**ENTRIES SUPPLIED:**
* * * * * * *

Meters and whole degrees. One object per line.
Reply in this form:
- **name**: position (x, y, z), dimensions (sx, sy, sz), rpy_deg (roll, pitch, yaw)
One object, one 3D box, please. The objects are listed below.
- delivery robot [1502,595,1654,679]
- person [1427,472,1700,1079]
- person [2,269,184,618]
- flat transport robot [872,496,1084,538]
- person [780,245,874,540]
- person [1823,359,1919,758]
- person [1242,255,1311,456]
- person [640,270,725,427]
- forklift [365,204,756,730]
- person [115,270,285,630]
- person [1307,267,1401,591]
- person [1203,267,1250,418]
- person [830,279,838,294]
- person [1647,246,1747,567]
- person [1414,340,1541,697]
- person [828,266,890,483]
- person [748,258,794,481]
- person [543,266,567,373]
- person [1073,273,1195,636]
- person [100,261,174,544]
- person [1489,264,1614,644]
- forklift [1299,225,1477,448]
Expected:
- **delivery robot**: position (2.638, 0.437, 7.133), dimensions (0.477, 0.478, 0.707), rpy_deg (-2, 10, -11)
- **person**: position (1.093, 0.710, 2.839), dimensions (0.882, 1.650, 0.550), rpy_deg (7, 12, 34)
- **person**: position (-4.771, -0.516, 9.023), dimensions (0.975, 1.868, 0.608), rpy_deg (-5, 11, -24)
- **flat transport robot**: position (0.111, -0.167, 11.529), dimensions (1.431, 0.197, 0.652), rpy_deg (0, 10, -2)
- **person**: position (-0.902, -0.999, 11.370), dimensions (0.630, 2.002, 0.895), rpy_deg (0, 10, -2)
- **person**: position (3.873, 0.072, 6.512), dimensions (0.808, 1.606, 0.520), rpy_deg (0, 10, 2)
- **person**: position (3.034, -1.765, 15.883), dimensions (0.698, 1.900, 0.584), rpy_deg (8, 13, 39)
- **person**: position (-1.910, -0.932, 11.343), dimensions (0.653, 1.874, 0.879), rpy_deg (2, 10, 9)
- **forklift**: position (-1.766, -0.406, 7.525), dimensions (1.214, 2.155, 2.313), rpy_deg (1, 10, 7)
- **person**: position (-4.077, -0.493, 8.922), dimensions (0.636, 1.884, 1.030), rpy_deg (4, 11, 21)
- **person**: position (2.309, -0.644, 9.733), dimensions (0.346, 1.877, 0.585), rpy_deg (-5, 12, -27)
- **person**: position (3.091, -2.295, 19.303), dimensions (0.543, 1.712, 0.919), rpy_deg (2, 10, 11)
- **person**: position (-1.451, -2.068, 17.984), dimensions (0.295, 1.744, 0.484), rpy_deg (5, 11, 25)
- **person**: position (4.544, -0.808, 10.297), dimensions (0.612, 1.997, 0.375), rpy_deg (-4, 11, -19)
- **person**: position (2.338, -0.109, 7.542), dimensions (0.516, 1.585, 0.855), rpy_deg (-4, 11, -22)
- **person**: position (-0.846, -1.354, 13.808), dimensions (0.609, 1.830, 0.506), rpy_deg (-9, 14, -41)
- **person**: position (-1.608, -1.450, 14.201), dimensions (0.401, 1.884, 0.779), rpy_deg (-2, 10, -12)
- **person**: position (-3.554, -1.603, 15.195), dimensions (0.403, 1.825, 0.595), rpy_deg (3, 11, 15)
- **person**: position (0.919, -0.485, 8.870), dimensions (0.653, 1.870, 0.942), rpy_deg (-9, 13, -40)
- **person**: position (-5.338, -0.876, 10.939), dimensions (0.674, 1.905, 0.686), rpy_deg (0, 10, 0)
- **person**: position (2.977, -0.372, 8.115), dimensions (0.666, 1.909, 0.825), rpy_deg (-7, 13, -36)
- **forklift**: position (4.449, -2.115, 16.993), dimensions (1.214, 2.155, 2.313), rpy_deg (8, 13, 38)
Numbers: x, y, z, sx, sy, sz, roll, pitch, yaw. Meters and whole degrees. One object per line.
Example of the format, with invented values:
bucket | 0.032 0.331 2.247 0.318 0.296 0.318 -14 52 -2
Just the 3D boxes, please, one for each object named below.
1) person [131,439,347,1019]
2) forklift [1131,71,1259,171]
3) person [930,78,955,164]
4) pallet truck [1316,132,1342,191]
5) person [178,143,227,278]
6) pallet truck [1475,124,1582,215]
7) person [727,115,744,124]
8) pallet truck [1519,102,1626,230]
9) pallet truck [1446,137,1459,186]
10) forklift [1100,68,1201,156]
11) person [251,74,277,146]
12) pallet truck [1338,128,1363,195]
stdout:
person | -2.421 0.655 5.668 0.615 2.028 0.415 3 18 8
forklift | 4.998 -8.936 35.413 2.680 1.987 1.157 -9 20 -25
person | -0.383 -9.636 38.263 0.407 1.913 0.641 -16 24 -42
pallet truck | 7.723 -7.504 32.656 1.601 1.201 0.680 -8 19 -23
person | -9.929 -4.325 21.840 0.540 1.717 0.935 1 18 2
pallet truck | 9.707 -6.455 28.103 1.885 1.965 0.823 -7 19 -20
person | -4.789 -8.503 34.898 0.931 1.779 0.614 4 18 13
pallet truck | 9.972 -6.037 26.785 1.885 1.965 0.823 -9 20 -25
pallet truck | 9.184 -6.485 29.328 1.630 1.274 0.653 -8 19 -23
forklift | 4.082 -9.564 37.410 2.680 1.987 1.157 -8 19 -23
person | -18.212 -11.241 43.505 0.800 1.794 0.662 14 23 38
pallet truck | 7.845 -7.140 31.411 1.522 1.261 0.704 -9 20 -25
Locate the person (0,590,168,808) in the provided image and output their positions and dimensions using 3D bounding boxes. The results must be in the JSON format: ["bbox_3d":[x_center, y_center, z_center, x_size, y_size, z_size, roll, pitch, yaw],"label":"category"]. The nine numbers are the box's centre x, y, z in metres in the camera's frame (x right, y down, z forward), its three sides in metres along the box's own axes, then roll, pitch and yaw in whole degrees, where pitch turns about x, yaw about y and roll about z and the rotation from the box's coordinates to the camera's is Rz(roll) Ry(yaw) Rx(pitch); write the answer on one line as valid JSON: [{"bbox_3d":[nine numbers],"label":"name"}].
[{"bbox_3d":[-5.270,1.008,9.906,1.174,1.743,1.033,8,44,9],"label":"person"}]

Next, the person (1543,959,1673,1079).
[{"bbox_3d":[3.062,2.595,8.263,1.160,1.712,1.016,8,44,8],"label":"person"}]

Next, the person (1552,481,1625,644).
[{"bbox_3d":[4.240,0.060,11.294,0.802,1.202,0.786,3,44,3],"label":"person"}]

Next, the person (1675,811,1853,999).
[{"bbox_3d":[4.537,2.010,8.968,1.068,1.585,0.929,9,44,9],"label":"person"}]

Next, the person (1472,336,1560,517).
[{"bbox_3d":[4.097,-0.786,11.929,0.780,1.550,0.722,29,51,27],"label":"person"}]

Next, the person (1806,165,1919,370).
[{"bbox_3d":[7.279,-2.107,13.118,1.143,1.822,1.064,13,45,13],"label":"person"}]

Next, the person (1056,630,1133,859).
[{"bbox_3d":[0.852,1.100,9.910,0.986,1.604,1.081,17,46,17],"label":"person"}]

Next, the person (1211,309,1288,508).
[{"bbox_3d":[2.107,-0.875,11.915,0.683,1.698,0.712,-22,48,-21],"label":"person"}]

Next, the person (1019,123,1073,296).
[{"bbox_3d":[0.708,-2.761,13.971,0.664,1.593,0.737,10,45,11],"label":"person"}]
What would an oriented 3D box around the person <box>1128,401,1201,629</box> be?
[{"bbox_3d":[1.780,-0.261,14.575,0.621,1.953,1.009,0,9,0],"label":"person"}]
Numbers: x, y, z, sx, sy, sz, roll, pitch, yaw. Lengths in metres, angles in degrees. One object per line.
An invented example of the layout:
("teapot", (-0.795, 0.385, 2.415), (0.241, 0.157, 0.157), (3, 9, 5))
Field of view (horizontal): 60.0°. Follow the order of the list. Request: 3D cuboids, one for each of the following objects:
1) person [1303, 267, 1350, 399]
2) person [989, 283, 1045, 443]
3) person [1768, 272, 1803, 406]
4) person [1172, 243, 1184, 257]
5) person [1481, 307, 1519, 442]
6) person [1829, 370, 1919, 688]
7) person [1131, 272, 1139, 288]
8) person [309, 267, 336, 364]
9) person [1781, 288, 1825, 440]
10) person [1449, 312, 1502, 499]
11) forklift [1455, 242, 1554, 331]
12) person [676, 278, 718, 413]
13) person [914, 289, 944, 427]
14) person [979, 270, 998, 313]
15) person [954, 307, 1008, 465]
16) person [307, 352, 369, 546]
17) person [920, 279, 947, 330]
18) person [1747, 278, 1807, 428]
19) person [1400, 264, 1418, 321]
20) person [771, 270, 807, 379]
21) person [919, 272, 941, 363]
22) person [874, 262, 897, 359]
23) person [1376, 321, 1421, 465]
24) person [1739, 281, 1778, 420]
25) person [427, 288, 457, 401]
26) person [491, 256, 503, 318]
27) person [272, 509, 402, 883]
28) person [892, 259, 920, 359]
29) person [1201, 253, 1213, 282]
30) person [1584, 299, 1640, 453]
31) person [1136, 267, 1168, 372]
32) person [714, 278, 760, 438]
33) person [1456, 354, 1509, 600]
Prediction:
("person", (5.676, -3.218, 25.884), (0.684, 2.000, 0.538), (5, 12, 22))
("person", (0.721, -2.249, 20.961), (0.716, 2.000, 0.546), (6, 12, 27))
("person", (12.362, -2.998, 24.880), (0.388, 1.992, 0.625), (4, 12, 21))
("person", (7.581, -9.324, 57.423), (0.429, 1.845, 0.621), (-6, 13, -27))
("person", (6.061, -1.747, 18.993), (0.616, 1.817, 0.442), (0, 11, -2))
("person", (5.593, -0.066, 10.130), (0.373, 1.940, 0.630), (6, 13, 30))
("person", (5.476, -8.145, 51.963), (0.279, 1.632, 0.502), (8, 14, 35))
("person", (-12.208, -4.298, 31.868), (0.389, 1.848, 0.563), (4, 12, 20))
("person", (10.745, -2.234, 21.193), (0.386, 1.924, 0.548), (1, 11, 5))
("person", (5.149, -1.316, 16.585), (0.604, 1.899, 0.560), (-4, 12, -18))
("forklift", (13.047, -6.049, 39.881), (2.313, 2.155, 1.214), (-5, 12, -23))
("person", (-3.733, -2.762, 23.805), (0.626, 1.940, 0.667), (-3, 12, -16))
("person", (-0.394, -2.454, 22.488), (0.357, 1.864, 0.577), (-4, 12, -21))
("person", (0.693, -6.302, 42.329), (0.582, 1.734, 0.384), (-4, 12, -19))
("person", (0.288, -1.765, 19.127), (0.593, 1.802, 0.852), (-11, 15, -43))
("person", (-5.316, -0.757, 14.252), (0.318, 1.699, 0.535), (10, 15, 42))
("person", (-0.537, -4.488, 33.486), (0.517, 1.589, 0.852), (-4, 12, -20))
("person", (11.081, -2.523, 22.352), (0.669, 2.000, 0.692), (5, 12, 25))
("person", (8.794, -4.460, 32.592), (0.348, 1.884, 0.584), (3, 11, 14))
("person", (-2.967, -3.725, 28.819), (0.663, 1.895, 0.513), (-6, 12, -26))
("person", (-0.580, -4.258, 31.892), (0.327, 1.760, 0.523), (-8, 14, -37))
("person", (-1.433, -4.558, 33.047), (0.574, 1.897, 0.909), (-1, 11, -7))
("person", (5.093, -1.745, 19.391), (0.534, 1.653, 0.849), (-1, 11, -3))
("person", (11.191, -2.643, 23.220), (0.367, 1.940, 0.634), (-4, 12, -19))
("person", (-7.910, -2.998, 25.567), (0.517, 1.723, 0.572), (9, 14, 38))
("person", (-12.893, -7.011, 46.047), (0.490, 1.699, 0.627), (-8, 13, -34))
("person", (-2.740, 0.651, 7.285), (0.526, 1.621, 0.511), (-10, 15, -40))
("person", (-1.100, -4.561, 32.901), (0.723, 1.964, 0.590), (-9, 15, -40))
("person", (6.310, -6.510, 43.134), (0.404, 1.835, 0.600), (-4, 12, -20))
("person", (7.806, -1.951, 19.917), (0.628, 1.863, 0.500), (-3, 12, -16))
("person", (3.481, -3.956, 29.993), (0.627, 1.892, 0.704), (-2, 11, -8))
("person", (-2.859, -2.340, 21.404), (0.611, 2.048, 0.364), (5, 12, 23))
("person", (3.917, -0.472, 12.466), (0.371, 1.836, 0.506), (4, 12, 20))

* * * * * * *

**ASSIGNMENT:**
Determine how many lines of the entries contain the string "below", and reply with nothing but the number.

**REPLY TO THE TASK:**
2